= About this exercise =
Every line of the data below that holds the string "start" needs to be reported.
** Opening Data listing block **
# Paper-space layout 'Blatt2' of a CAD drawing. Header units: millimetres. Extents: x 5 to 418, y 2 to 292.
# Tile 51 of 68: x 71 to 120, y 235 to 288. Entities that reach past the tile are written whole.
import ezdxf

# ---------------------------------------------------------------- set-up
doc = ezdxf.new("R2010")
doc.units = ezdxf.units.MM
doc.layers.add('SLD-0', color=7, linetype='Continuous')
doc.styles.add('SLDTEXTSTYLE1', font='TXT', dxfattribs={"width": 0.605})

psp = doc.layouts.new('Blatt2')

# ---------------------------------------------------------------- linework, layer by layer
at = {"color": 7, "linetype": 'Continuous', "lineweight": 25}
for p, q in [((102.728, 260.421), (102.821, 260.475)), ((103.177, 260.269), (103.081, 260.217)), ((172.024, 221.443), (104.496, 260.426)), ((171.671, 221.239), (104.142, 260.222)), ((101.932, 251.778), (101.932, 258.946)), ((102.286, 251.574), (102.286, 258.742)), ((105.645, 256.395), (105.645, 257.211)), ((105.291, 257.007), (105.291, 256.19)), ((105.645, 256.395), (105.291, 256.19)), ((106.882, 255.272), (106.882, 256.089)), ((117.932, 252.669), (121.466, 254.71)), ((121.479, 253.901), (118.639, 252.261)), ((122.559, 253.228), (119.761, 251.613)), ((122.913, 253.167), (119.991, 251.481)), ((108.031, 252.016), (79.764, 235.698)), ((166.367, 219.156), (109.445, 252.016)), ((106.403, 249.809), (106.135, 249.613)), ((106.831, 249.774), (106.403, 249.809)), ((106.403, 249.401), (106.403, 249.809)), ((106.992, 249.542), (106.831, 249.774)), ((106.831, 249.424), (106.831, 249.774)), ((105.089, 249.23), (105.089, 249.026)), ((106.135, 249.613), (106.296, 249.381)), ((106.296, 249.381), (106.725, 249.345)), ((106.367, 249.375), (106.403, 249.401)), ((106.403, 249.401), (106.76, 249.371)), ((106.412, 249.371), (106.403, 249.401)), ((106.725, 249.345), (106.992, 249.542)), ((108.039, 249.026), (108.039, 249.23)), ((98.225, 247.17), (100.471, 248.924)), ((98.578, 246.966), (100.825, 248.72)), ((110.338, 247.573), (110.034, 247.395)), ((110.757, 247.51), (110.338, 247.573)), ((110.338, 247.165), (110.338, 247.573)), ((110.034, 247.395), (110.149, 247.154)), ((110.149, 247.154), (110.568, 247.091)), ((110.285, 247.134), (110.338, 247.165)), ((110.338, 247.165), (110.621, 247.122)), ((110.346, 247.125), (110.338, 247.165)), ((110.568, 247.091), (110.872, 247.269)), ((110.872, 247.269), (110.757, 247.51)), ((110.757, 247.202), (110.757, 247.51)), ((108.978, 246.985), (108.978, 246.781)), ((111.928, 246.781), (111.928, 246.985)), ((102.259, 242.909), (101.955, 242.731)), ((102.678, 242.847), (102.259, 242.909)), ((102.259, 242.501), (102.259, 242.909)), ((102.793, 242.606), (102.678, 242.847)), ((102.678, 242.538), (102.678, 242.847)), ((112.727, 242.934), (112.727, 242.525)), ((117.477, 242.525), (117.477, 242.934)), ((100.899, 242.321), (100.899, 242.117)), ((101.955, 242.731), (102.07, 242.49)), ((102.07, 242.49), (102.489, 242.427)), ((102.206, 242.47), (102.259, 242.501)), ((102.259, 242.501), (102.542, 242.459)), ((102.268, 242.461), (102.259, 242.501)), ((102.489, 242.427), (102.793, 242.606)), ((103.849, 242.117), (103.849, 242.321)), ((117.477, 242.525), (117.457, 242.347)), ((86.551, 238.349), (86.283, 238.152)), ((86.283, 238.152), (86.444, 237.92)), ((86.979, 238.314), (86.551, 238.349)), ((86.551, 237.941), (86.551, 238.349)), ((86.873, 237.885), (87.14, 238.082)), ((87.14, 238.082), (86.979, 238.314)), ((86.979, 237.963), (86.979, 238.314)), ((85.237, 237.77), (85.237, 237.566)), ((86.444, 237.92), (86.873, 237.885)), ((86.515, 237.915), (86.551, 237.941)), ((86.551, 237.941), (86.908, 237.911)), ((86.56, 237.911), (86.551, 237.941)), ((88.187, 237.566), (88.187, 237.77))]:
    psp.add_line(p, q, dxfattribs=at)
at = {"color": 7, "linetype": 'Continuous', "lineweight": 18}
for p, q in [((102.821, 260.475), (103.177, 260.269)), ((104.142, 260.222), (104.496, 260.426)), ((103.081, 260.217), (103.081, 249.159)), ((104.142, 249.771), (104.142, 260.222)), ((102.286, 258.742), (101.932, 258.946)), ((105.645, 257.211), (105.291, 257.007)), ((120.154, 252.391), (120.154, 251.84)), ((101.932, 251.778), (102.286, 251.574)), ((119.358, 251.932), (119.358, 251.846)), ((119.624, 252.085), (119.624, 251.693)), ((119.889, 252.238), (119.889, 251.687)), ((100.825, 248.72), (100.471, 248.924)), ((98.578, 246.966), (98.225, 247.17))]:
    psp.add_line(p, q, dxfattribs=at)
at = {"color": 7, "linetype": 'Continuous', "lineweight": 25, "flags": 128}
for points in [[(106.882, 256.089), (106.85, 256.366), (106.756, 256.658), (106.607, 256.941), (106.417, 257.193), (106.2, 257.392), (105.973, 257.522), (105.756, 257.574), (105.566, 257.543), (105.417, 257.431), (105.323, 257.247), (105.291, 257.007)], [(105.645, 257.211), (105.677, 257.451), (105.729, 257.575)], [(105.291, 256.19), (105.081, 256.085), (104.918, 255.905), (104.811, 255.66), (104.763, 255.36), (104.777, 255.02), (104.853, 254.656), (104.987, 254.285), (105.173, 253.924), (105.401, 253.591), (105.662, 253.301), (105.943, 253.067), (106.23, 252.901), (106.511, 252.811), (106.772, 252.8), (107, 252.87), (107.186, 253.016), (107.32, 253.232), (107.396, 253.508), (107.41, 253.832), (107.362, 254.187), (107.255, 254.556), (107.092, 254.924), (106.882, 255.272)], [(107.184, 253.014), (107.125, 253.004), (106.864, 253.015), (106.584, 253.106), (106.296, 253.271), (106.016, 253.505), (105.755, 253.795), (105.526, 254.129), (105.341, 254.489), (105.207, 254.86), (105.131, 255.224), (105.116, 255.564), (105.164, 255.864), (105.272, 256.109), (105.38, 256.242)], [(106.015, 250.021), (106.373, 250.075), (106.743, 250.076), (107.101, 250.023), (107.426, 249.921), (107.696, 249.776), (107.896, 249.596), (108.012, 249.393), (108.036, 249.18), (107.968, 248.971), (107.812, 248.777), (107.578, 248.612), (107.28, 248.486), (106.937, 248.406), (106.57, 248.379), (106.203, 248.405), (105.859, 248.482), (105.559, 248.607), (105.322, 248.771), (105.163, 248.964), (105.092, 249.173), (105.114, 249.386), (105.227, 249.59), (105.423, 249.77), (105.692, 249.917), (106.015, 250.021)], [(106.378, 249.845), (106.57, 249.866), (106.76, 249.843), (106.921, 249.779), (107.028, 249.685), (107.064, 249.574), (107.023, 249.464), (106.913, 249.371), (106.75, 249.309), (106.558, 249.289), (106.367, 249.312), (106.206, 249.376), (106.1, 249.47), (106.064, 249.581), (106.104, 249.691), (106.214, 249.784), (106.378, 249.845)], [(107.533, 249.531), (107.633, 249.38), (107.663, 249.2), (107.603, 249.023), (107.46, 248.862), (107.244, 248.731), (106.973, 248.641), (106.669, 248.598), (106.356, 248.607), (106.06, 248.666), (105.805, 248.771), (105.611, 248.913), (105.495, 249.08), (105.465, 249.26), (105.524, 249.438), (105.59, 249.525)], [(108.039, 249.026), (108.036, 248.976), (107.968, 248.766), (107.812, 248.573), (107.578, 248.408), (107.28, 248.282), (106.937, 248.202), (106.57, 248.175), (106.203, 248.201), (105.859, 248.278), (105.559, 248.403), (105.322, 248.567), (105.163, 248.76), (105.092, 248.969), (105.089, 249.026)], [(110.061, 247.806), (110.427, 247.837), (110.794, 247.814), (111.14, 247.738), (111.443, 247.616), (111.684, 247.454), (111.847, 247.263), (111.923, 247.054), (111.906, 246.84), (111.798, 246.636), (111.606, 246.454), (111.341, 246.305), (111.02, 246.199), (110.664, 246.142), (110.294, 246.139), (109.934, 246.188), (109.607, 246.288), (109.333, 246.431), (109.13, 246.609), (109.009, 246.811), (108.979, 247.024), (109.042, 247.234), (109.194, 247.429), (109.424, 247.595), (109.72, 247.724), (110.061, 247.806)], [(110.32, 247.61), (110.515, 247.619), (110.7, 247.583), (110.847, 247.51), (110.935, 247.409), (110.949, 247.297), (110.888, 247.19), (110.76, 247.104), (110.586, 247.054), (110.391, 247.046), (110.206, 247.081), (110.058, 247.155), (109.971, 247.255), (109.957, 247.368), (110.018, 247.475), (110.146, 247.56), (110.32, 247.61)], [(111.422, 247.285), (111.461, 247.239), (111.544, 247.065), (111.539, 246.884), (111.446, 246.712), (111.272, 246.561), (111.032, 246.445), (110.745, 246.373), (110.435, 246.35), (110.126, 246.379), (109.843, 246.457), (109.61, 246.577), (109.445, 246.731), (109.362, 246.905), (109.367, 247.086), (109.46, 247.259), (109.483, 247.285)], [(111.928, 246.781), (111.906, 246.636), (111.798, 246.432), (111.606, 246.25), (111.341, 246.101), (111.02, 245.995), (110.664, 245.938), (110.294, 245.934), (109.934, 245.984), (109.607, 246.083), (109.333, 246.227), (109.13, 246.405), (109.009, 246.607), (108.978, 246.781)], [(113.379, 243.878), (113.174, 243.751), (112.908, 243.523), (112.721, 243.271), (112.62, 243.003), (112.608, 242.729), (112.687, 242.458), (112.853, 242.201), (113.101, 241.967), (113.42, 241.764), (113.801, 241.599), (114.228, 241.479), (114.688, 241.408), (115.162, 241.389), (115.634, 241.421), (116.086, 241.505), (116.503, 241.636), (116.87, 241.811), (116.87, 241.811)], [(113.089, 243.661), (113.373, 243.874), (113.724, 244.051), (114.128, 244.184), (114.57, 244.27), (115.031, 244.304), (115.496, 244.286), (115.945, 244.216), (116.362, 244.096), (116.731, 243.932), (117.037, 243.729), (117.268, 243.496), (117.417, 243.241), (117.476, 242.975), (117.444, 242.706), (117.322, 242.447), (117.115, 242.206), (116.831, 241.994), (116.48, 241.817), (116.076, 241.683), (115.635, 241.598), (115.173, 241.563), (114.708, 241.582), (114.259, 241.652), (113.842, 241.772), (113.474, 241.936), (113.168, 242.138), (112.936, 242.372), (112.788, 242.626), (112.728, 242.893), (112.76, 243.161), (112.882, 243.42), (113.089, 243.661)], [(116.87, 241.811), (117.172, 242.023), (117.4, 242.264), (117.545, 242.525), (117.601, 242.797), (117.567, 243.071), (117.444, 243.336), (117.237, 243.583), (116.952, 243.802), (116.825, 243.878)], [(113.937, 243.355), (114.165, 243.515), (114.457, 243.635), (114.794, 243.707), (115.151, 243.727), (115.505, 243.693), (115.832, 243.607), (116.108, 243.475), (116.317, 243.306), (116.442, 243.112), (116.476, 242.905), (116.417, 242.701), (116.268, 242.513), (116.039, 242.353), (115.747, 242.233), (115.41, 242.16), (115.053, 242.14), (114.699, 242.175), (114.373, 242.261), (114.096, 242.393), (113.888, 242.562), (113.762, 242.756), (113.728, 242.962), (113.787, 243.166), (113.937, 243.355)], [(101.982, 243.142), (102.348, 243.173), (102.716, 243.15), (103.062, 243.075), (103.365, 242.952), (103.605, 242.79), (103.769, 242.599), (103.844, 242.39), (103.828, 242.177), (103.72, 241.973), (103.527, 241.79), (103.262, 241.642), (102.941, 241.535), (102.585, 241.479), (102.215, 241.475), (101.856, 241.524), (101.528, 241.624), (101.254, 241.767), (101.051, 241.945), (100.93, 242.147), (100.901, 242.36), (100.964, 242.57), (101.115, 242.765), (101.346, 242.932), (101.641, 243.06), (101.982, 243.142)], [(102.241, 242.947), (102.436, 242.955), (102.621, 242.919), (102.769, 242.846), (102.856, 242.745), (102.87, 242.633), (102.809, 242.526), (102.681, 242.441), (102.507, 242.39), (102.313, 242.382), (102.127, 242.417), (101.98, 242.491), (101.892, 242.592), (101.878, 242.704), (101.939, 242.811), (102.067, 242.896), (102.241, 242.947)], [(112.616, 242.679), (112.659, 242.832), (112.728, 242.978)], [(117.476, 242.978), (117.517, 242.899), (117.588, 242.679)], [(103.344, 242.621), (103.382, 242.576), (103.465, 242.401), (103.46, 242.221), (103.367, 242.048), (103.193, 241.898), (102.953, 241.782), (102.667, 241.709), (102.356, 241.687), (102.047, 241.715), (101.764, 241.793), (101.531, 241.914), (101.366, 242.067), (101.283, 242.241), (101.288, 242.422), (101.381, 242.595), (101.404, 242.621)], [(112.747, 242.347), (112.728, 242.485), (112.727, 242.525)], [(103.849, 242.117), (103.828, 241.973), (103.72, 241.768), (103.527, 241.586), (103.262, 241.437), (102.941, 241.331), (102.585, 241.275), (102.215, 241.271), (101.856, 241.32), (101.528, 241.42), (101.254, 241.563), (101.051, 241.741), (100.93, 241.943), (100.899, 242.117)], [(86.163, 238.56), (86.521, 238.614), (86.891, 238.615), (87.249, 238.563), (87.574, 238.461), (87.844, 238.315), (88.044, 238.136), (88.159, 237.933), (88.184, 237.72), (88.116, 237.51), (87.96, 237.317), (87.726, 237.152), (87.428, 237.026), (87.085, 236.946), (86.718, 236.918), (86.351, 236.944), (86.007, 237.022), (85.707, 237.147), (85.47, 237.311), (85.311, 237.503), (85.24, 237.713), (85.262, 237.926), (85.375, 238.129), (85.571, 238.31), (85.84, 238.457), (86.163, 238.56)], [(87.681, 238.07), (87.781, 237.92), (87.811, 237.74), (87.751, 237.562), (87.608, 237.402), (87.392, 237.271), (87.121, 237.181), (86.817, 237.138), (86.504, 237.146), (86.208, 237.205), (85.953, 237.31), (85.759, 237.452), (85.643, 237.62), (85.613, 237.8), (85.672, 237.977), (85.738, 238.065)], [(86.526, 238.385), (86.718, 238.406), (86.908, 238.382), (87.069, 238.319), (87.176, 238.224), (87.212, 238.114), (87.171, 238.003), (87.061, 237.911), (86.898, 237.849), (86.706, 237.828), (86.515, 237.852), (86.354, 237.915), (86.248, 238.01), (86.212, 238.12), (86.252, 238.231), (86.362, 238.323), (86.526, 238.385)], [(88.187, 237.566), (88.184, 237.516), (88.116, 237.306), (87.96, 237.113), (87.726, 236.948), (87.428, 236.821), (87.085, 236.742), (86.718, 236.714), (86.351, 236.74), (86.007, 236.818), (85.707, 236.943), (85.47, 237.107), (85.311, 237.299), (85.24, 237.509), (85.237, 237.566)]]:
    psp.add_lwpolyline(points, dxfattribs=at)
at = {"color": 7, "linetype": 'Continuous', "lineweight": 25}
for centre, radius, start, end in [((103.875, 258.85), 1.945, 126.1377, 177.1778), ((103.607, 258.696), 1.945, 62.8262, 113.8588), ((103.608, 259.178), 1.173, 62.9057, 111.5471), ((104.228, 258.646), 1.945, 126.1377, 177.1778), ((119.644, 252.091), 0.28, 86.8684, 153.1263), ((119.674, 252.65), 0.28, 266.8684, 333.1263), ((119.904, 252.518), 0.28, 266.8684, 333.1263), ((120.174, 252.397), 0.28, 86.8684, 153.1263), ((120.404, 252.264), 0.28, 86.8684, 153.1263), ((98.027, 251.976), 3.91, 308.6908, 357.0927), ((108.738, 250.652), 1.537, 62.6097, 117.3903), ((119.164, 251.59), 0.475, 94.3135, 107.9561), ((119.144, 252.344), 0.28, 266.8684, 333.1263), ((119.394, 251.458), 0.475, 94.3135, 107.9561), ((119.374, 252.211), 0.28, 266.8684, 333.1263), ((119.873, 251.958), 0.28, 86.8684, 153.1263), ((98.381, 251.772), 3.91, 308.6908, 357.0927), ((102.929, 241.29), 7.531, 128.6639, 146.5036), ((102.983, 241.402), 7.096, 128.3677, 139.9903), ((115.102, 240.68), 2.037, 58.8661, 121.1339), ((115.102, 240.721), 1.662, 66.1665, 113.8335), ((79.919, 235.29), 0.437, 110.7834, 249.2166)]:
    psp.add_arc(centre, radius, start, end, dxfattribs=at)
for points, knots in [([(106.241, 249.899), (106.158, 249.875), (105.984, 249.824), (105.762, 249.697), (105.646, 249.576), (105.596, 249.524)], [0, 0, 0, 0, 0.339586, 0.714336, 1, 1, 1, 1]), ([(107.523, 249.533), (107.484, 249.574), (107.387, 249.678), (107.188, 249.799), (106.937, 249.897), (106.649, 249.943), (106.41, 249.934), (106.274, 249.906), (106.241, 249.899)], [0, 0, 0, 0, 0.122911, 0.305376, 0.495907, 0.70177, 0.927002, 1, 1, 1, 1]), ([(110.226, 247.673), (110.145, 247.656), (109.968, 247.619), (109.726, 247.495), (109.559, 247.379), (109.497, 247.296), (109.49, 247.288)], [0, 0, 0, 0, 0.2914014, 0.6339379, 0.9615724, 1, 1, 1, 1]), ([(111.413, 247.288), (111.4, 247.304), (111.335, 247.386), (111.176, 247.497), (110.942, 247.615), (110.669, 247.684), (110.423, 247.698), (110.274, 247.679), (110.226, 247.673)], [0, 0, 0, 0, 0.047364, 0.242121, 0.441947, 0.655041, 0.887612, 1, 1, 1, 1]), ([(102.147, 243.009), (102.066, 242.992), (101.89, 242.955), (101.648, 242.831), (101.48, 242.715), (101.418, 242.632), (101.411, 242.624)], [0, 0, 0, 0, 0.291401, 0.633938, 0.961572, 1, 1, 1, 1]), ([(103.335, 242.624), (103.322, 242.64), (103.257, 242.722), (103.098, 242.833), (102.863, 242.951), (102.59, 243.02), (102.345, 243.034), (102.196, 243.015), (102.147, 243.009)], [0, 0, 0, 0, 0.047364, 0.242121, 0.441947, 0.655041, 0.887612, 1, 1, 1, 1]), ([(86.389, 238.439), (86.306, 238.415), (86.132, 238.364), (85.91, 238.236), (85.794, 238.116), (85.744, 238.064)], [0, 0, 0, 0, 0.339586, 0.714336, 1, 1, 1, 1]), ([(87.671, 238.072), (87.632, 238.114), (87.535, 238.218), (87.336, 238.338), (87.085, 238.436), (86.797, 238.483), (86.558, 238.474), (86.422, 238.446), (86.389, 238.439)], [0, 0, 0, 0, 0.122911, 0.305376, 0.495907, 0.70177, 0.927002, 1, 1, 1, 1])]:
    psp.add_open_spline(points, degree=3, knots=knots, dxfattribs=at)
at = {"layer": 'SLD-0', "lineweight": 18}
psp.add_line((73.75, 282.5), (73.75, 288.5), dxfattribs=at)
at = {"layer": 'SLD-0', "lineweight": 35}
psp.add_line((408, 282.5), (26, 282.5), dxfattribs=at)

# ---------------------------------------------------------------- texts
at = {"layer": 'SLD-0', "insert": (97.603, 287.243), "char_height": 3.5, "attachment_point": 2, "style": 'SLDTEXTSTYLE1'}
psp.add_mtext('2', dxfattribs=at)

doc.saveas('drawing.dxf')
** Closing Data listing block **
= Answer to this task =
for centre, radius, start, end in [((103.875, 258.85), 1.945, 126.1377, 177.1778), ((103.607, 258.696), 1.945, 62.8262, 113.8588), ((103.608, 259.178), 1.173, 62.9057, 111.5471), ((104.228, 258.646), 1.945, 126.1377, 177.1778), ((119.644, 252.091), 0.28, 86.8684, 153.1263), ((119.674, 252.65), 0.28, 266.8684, 333.1263), ((119.904, 252.518), 0.28, 266.8684, 333.1263), ((120.174, 252.397), 0.28, 86.8684, 153.1263), ((120.404, 252.264), 0.28, 86.8684, 153.1263), ((98.027, 251.976), 3.91, 308.6908, 357.0927), ((108.738, 250.652), 1.537, 62.6097, 117.3903), ((119.164, 251.59), 0.475, 94.3135, 107.9561), ((119.144, 252.344), 0.28, 266.8684, 333.1263), ((119.394, 251.458), 0.475, 94.3135, 107.9561), ((119.374, 252.211), 0.28, 266.8684, 333.1263), ((119.873, 251.958), 0.28, 86.8684, 153.1263), ((98.381, 251.772), 3.91, 308.6908, 357.0927), ((102.929, 241.29), 7.531, 128.6639, 146.5036), ((102.983, 241.402), 7.096, 128.3677, 139.9903), ((115.102, 240.68), 2.037, 58.8661, 121.1339), ((115.102, 240.721), 1.662, 66.1665, 113.8335), ((79.919, 235.29), 0.437, 110.7834, 249.2166)]:
    psp.add_arc(centre, radius, start, end, dxfattribs=at)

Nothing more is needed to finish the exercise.